Le projet Aphekom est un projet européen coordonné par l'InVS entre 2008 et 2011. Il avait pour objectif d'évaluer les impacts sanitaires et économiques de la pollution atmosphérique dans vingt-cinq villes européennes, couvrant 39 millions d'habitants répartis dans douze pays, afin d'apporter aux pouvoirs publics les informations permettant d'orienter les politiques de réduction des niveaux de pollution de l'air. Les résultats du projet Aphekom ont été utilisés par l'OMS et la Commission européenne dans le cadre de la révision des directives européennes de 2013 portant sur la qualité de l'air. Ils ont été communiqués à la France et ont déjà fait l'objet d'une présentation au Sénat, ainsi qu'auprès d'autres instances, notamment dans le cadre de l'élaboration du plan national santé environnement et du plan cancer.

Pour mémoire, le budget total du projet Aphekom s'élevait à 1,5 million d'euros, dont 800 000 euros financés par la Commission européenne. La contribution budgétaire de l'InVS s'élevait à 0,56 million d'euros, la Commission européenne finançant 51% de ce montant.
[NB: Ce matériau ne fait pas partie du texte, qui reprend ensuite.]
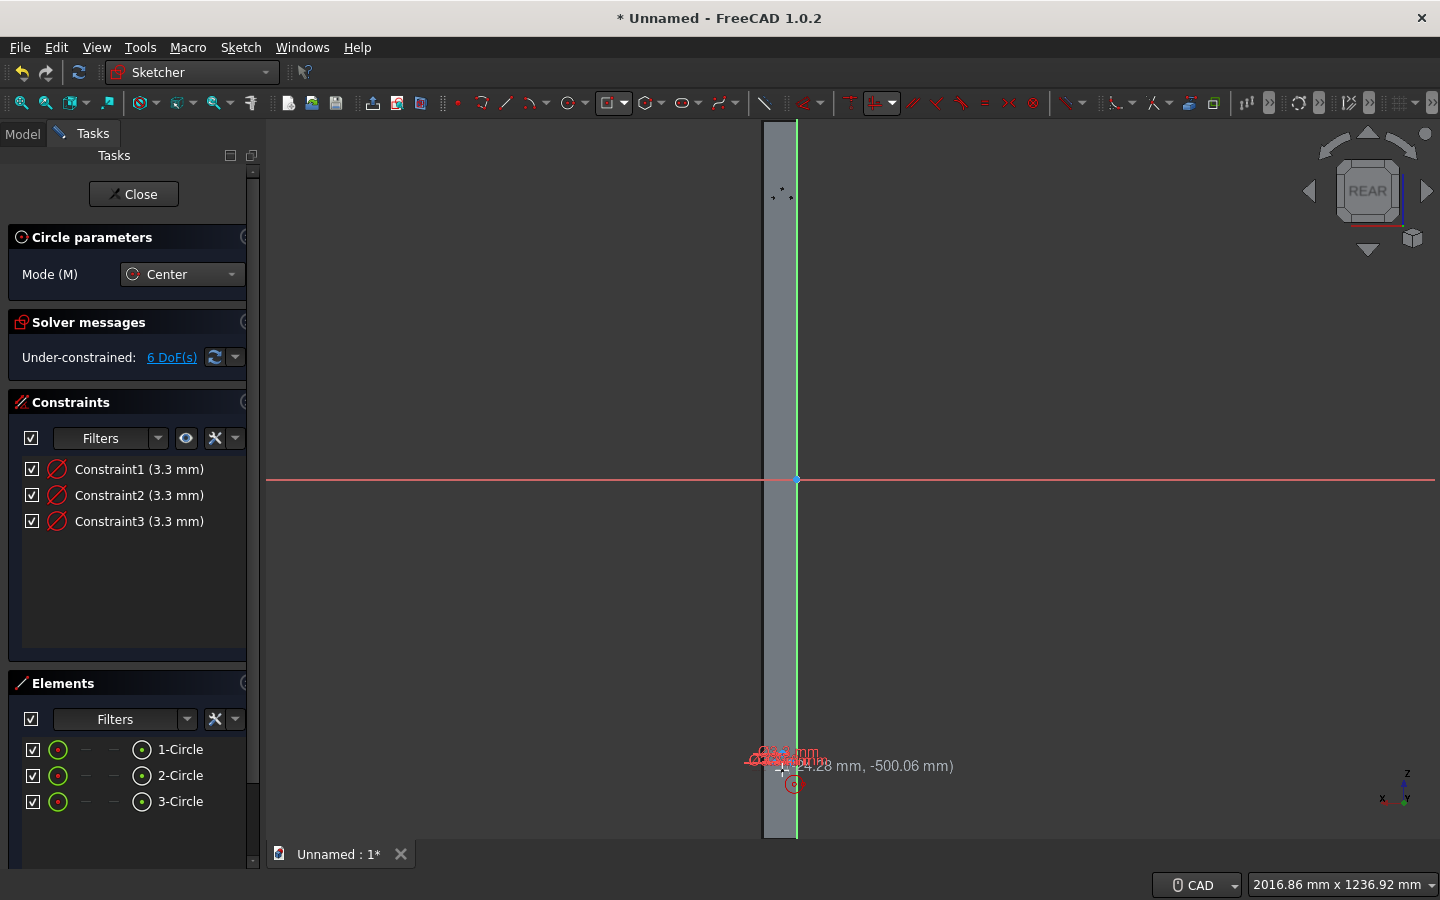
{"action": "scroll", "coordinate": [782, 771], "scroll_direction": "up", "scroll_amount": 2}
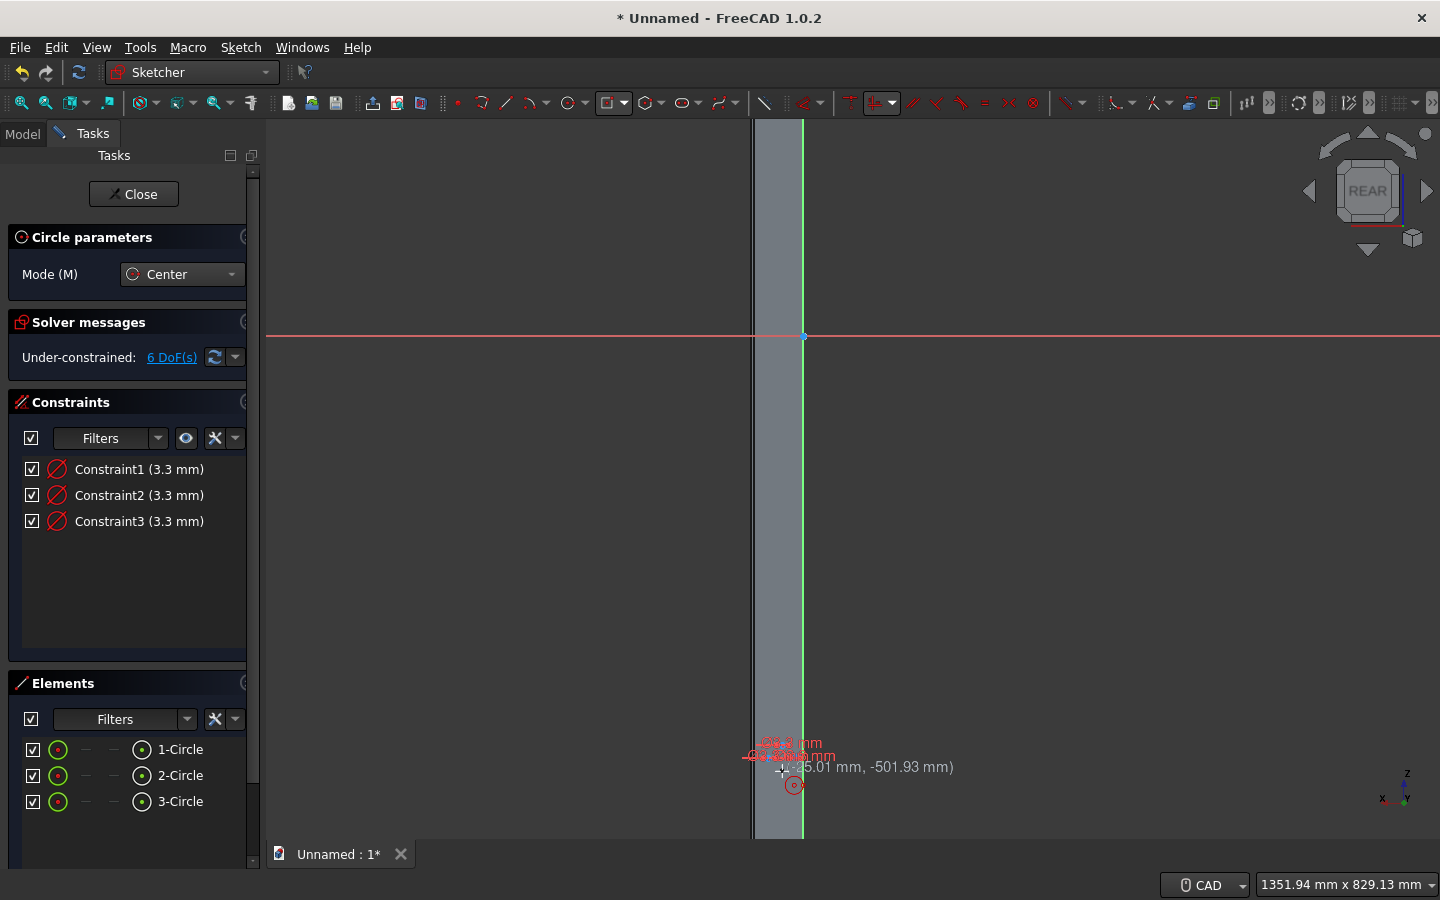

Dans le cadre de ce projet, Olivier Chanel a été salarié par l'InVS pour mettre en oeuvre l'évaluation économique des impacts sanitaires de la pollution atmosphérique. Il exerce son activité principale au CNRS, dans un laboratoire à Marseille,

Parmi l'ensemble des villes européennes impliquées dans le projet Aphekom se trouvaient neuf villes françaises. Les résultats que je vais vous présenter portent plus spécifiquement sur ces neuf villes, objets de vos interrogations.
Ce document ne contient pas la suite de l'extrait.